Born in 1959, Yoshikatsu Tamekane studied at Sokei Academy of Fine Arts in Tokyo. From 1991 to 1994 he lived in Paris while studying art at the Musee d’Orsay, the Louvre and the Centre Pompidou. He is a member of the Japan Print Association and has shown seven consecutive years in the prestigious CWAJ Print Show. He is known for his combination of technical prowess with a mystical aesthetic and vision.
Tamekane’s medium is woodblock printing. He uses handmade papers and water-based ink that allow him to manipulate light as deftly as any impressionist. He augments his woodblock with a technique called collograph, in which various materials are collaged onto the carved woodblock to provide texture on the surface of the print.
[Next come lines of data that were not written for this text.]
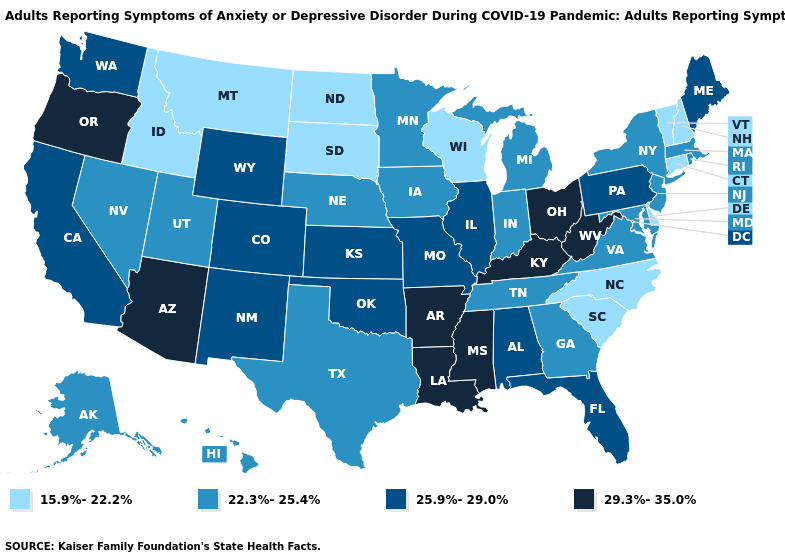What is the value of Alaska?
Short answer required. 22.3%-25.4%. Among the states that border Alabama , does Florida have the lowest value?
Concise answer only. No. Name the states that have a value in the range 29.3%-35.0%?
Quick response, please. Arizona, Arkansas, Kentucky, Louisiana, Mississippi, Ohio, Oregon, West Virginia. What is the value of Maine?
Keep it brief. 25.9%-29.0%. Does Texas have a higher value than Connecticut?
Answer briefly. Yes. Among the states that border Minnesota , does South Dakota have the highest value?
Give a very brief answer. No. What is the value of Missouri?
Be succinct. 25.9%-29.0%. What is the highest value in the South ?
Answer briefly. 29.3%-35.0%. Which states have the lowest value in the USA?
Concise answer only. Connecticut, Delaware, Idaho, Montana, New Hampshire, North Carolina, North Dakota, South Carolina, South Dakota, Vermont, Wisconsin. Does Wisconsin have the highest value in the MidWest?
Quick response, please. No. What is the value of South Dakota?
Quick response, please. 15.9%-22.2%. Does Washington have the highest value in the West?
Answer briefly. No. Does the map have missing data?
Quick response, please. No. Does Pennsylvania have the highest value in the Northeast?
Concise answer only. Yes. Among the states that border Virginia , does West Virginia have the highest value?
Answer briefly. Yes. 
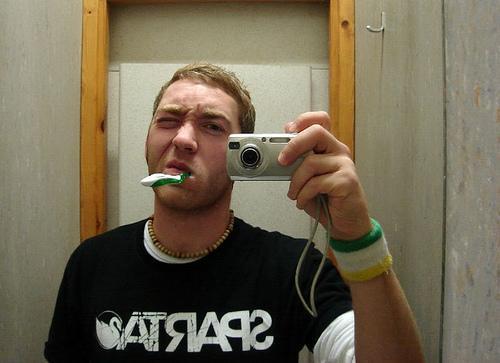How many girls are pictured?
Give a very brief answer. 0. 
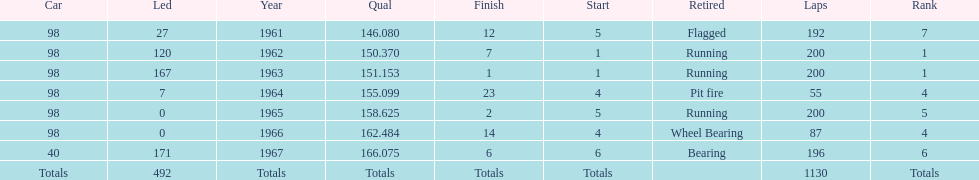What car achieved the highest qual? 40. 
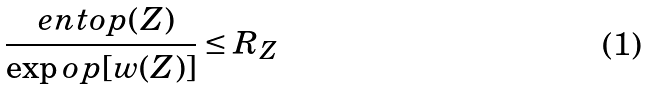Convert formula to latex. <formula><loc_0><loc_0><loc_500><loc_500>\frac { \ e n t o p ( Z ) } { \exp o p [ w ( Z ) ] } \leq R _ { Z }</formula> 
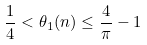<formula> <loc_0><loc_0><loc_500><loc_500>\frac { 1 } { 4 } < \theta _ { 1 } ( n ) \leq \frac { 4 } { \pi } - 1</formula> 
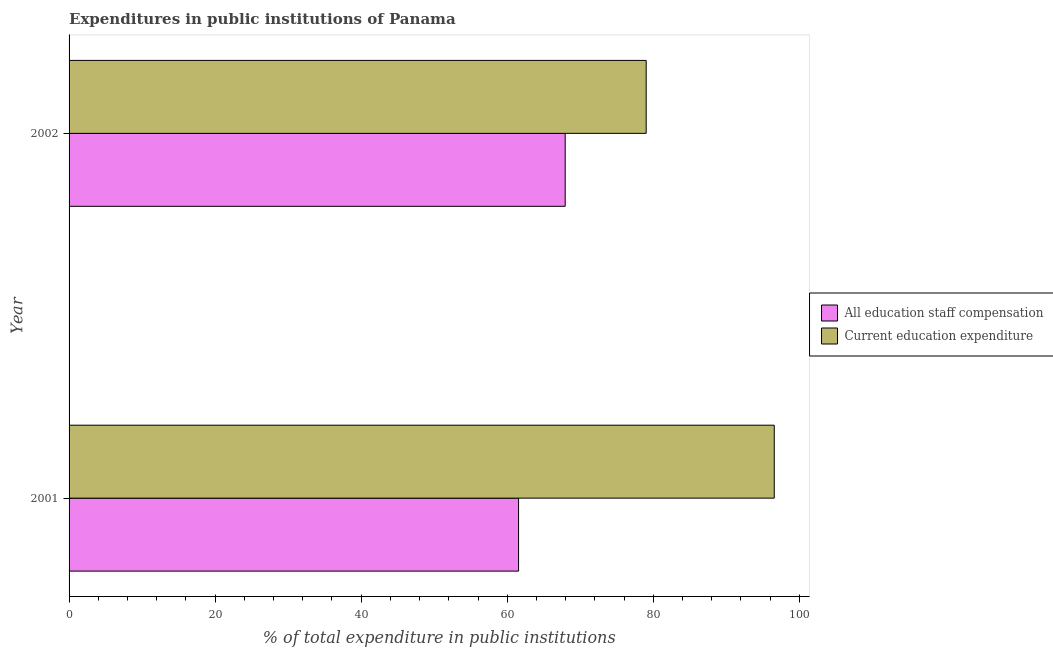How many different coloured bars are there?
Ensure brevity in your answer.  2. Are the number of bars on each tick of the Y-axis equal?
Your answer should be compact. Yes. How many bars are there on the 1st tick from the top?
Ensure brevity in your answer.  2. What is the label of the 2nd group of bars from the top?
Ensure brevity in your answer.  2001. What is the expenditure in staff compensation in 2002?
Your answer should be compact. 67.94. Across all years, what is the maximum expenditure in staff compensation?
Offer a terse response. 67.94. Across all years, what is the minimum expenditure in staff compensation?
Provide a succinct answer. 61.55. In which year was the expenditure in education maximum?
Make the answer very short. 2001. What is the total expenditure in staff compensation in the graph?
Give a very brief answer. 129.49. What is the difference between the expenditure in education in 2001 and that in 2002?
Your answer should be compact. 17.54. What is the difference between the expenditure in education in 2002 and the expenditure in staff compensation in 2001?
Provide a short and direct response. 17.48. What is the average expenditure in staff compensation per year?
Your answer should be very brief. 64.75. In the year 2001, what is the difference between the expenditure in education and expenditure in staff compensation?
Ensure brevity in your answer.  35.02. In how many years, is the expenditure in education greater than 20 %?
Make the answer very short. 2. What is the ratio of the expenditure in education in 2001 to that in 2002?
Ensure brevity in your answer.  1.22. Is the difference between the expenditure in education in 2001 and 2002 greater than the difference between the expenditure in staff compensation in 2001 and 2002?
Your answer should be compact. Yes. In how many years, is the expenditure in staff compensation greater than the average expenditure in staff compensation taken over all years?
Give a very brief answer. 1. What does the 1st bar from the top in 2001 represents?
Offer a terse response. Current education expenditure. What does the 1st bar from the bottom in 2001 represents?
Your answer should be compact. All education staff compensation. How many bars are there?
Offer a very short reply. 4. What is the difference between two consecutive major ticks on the X-axis?
Provide a short and direct response. 20. What is the title of the graph?
Your answer should be very brief. Expenditures in public institutions of Panama. What is the label or title of the X-axis?
Offer a very short reply. % of total expenditure in public institutions. What is the label or title of the Y-axis?
Keep it short and to the point. Year. What is the % of total expenditure in public institutions in All education staff compensation in 2001?
Your answer should be very brief. 61.55. What is the % of total expenditure in public institutions of Current education expenditure in 2001?
Offer a very short reply. 96.57. What is the % of total expenditure in public institutions of All education staff compensation in 2002?
Provide a succinct answer. 67.94. What is the % of total expenditure in public institutions in Current education expenditure in 2002?
Your answer should be compact. 79.03. Across all years, what is the maximum % of total expenditure in public institutions in All education staff compensation?
Keep it short and to the point. 67.94. Across all years, what is the maximum % of total expenditure in public institutions in Current education expenditure?
Provide a succinct answer. 96.57. Across all years, what is the minimum % of total expenditure in public institutions of All education staff compensation?
Give a very brief answer. 61.55. Across all years, what is the minimum % of total expenditure in public institutions of Current education expenditure?
Make the answer very short. 79.03. What is the total % of total expenditure in public institutions in All education staff compensation in the graph?
Provide a succinct answer. 129.49. What is the total % of total expenditure in public institutions in Current education expenditure in the graph?
Provide a succinct answer. 175.6. What is the difference between the % of total expenditure in public institutions of All education staff compensation in 2001 and that in 2002?
Keep it short and to the point. -6.39. What is the difference between the % of total expenditure in public institutions of Current education expenditure in 2001 and that in 2002?
Your answer should be compact. 17.54. What is the difference between the % of total expenditure in public institutions of All education staff compensation in 2001 and the % of total expenditure in public institutions of Current education expenditure in 2002?
Offer a terse response. -17.48. What is the average % of total expenditure in public institutions of All education staff compensation per year?
Offer a terse response. 64.75. What is the average % of total expenditure in public institutions of Current education expenditure per year?
Ensure brevity in your answer.  87.8. In the year 2001, what is the difference between the % of total expenditure in public institutions of All education staff compensation and % of total expenditure in public institutions of Current education expenditure?
Make the answer very short. -35.02. In the year 2002, what is the difference between the % of total expenditure in public institutions in All education staff compensation and % of total expenditure in public institutions in Current education expenditure?
Your answer should be very brief. -11.09. What is the ratio of the % of total expenditure in public institutions of All education staff compensation in 2001 to that in 2002?
Make the answer very short. 0.91. What is the ratio of the % of total expenditure in public institutions in Current education expenditure in 2001 to that in 2002?
Provide a short and direct response. 1.22. What is the difference between the highest and the second highest % of total expenditure in public institutions of All education staff compensation?
Offer a terse response. 6.39. What is the difference between the highest and the second highest % of total expenditure in public institutions in Current education expenditure?
Give a very brief answer. 17.54. What is the difference between the highest and the lowest % of total expenditure in public institutions in All education staff compensation?
Give a very brief answer. 6.39. What is the difference between the highest and the lowest % of total expenditure in public institutions of Current education expenditure?
Ensure brevity in your answer.  17.54. 
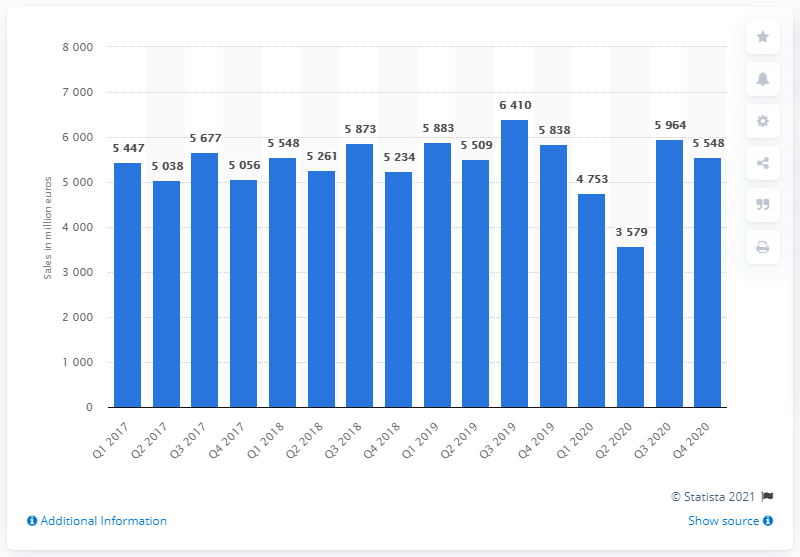Mention a couple of crucial points in this snapshot. In quarter 4 of 2020, the net sales of the adidas Group were 5,548. 
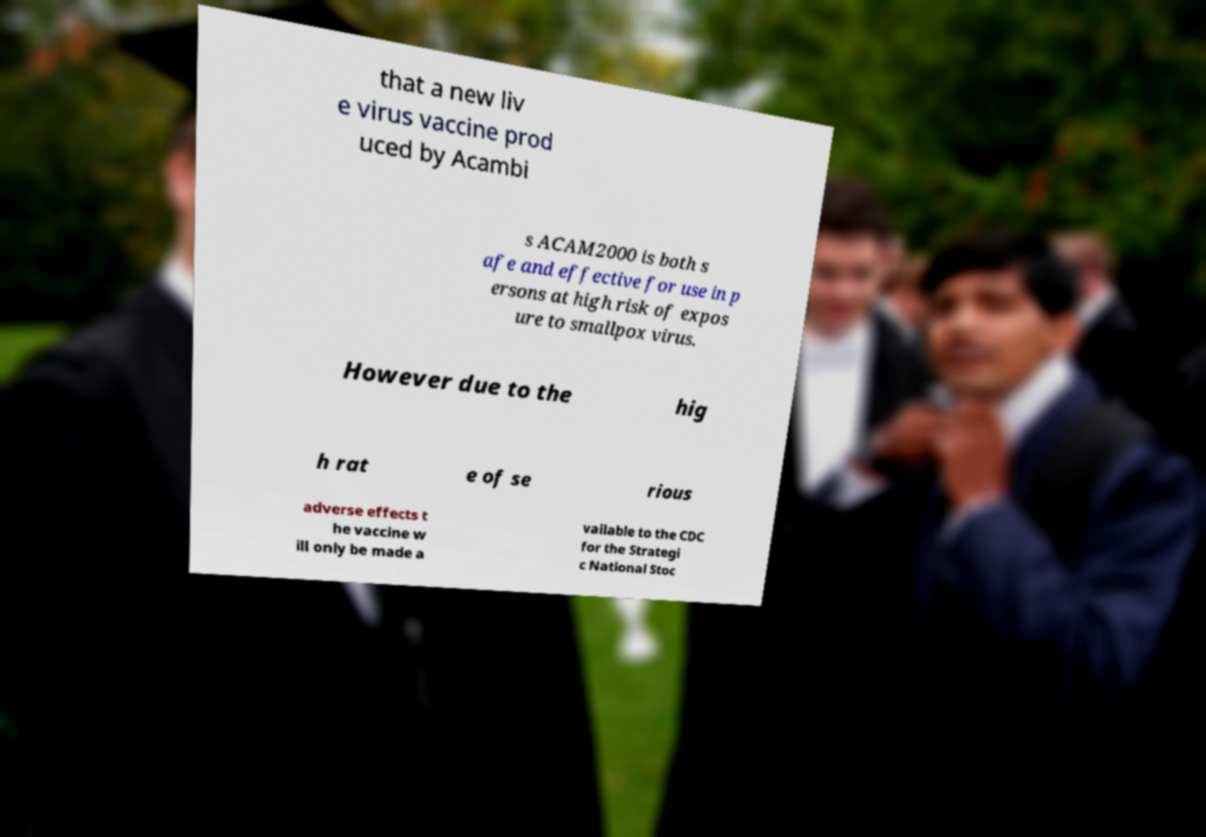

He frequently adds rich textural qualities, such as silver and gold leaf to his work.
In September 2003, Mr. Tamekane was artist-in-residence at the University of Pennsylvania School of Design. In May of that year, he had an exhibit of new work and gave a demonstration of his woodblock techniques at the Montgomery Center for the Arts. A selection on 30 new works and many earlier works are available to be seen. About his work the artist says, "I savor the past and also look forward to the next century as a time of hope and advancement for the human spirit”.
Susumu Endo blends photographic and non-photographic processes via computer, mixing the reality of the natural landscape with abstraction to create a singular surrealistic image – a mingling of nature and a space continuum. Born in 1933, Endo came to printmaking by way of graphic design. He uses the computer as a tool to enhance and manipulate his already exquisite photographs and drawings, which are then produced as lithographs. Endo says, “My basic concept of design is “space and space.” I feel there are different levels of consciousness that we can have of space, all coexisting at once. This is the concept that drives all the work I create. My main theme is the relationship of two different dimensions in space: the real and the imaginary.”
Endo graduated from the Kuwasawa Design School in 1962 and then spent 5 years in a small design studio. His art soon became recognized and after producing a calendar for Audio-Technica, his images have appeared commercially and in the collections of museums throughout Europe, The United States and Japan. His images employ a skill and beauty that challenge our sense of reality. In contrast with Endo’s use of leading edge technology his work evokes a meditative serene quality akin to the atmosphere of a traditional Japanese tea ceremony. To Endo the tea ceremony is a vital part of his life.